Codify the fix as a Shortcut on iPhone, iPad, or Mac

For workflows that happen on the user device rather than at the MDM layer (think: clear a stuck cache, toggle a setting, file a one-tap support ticket), Apple Shortcuts is the right place. Shortcuts run on iOS, iPadOS, macOS, and watchOS, can be triggered by NFC tag, focus mode, time of day, or Siri voice. Share via iCloud link so support sends the same one-tap fix to anyone who hits the issue.

Pitfalls to dodge

A subtle pitfall on Find My Mac is that the Settings on the device and the SDK can disagree about resource state during a configuration change. Console UI is cached for performance and may show the old config for up to 10 minutes after you change it via API or Deployment Manager or Terraform. Always confirm with describe-* CLI calls during a change window, not with screenshots from the Console.

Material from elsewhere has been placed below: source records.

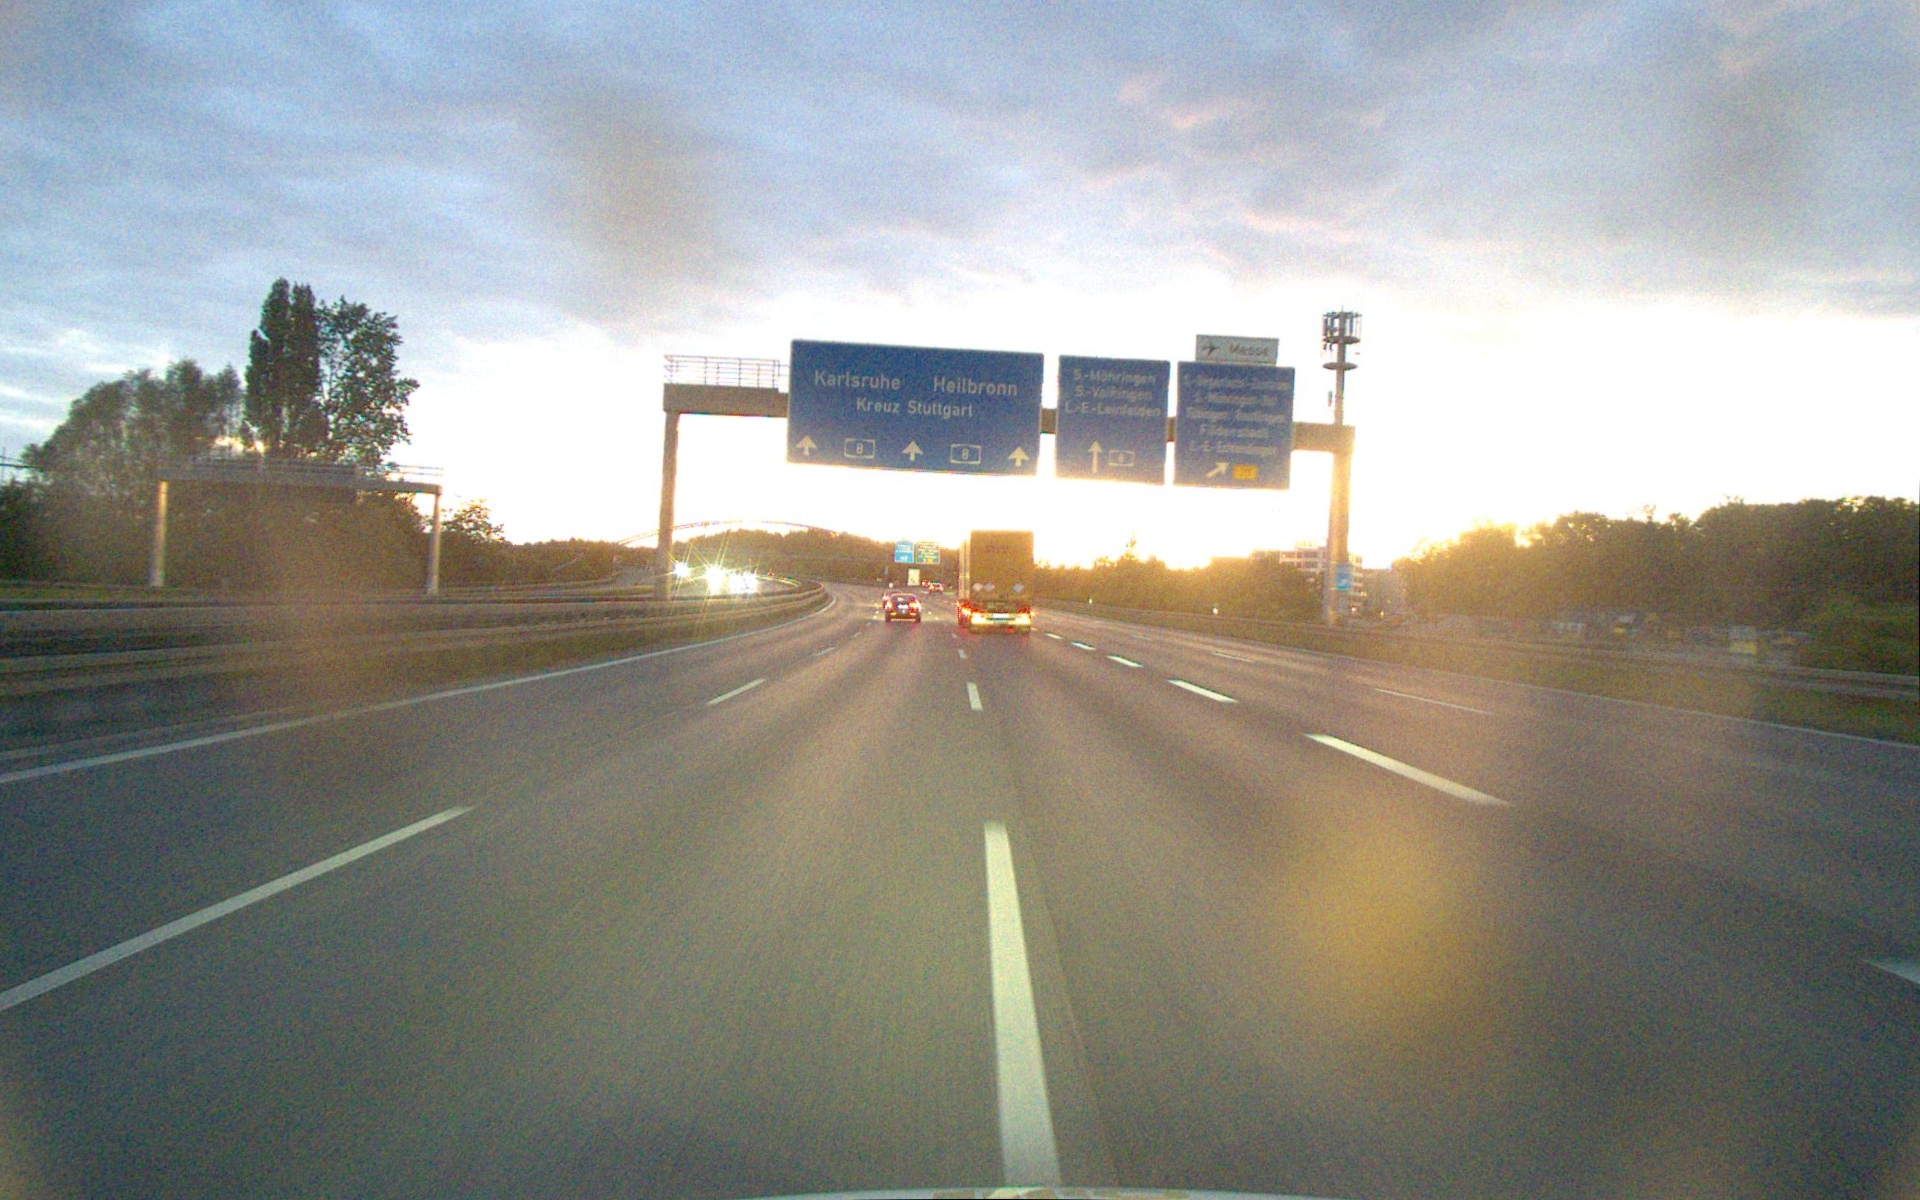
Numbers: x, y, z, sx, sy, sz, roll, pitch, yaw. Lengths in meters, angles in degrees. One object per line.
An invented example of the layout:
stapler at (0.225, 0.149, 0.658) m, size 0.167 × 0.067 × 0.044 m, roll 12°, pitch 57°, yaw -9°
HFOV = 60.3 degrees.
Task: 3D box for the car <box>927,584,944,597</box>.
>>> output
car at (-3.514, -1.290, 236.774) m, size 1.956 × 1.747 × 3.993 m, roll 2°, pitch -1°, yaw -7°

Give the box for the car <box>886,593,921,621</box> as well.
car at (-2.944, 0.373, 85.858) m, size 1.656 × 1.426 × 3.405 m, roll 1°, pitch -1°, yaw -4°

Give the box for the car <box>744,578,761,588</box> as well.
car at (-28.321, -2.307, 226.120) m, size 1.954 × 1.382 × 4.862 m, roll 1°, pitch 1°, yaw -4°

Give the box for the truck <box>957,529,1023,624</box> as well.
truck at (1.307, -1.118, 77.941) m, size 2.636 × 4.142 × 10.518 m, roll 1°, pitch 1°, yaw -1°

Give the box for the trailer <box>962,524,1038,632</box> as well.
trailer at (1.534, -0.933, 68.259) m, size 2.667 × 4.142 × 8.829 m, roll 1°, pitch 1°, yaw -1°

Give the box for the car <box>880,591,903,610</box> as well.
car at (-5.528, 0.042, 134.265) m, size 1.654 × 1.426 × 3.409 m, roll 0°, pitch -1°, yaw 2°

The other pitfall: assuming that an automated remediation is correct because it succeeded. A Lambda that fires on a Jamf Pro Smart Group + Webhook and runs a remediation step should also publish a metric for every remediation; sudden surges in auto-fix invocations are themselves an outage signal. Otherwise you can hide a slow-burn regression behind a quiet remediation loop for weeks.

Resolve

Safety, rollback, blast radius

FAQ

How long does find_my_offline on find my mac: what causes it and how to fix typically take on Apple platforms?
For most Find My Mac environments, 15 to 60 minutes including verification. Large multi-account setups, anything touching Org Policys at the Organizations level, or cross-region replication can stretch to half a day because Apple has to wait for replication and IAM session caches.
Is there a rollback path?
Yes for most Find My Mac changes. Export the existing config to JSON via find describe-... first, then commit it before you change anything. A few operations are one-way (Cloud KMS key deletion past the pending window, region migration, account closure). Check the Apple Support article for the specific API before you commit.
Will this affect dependent Apple product or services?
Often yes. Find My Mac resources are usually referenced by other workloads (Cloud Run services, GKE workloads, IAM-bound apps, Cloud CDN origins, downstream pipelines). Use IAM Access Analyzer + Jamf Pro change management log and Apple Business Manager audit log to enumerate consumers before changing a shared resource.
What if my Settings on the device layout does not match these steps?
Settings on the device UI moves quarterly. The Console layout in this page is current as of 2026-05-31 but the underlying CLI / SDK calls do not change as fast. If the Console version differs, fall back to aws CLI or SDK calls - those almost always still work.
Where do I get Apple Support and Apple Business / Enterprise Support help if I am still stuck?
Open a case via the Apple Support and Apple Business / Enterprise Support Center with: the request ID + correlation ID, the exact error string, Jamf Pro change management entry or Apple Business Manager audit event, and your reproduction steps. Apple Communities (discussions.apple.com) is the no-cost public alternative - search there first; 80% of common Find My Mac issues already have an answer with an Google-staff-verified flag.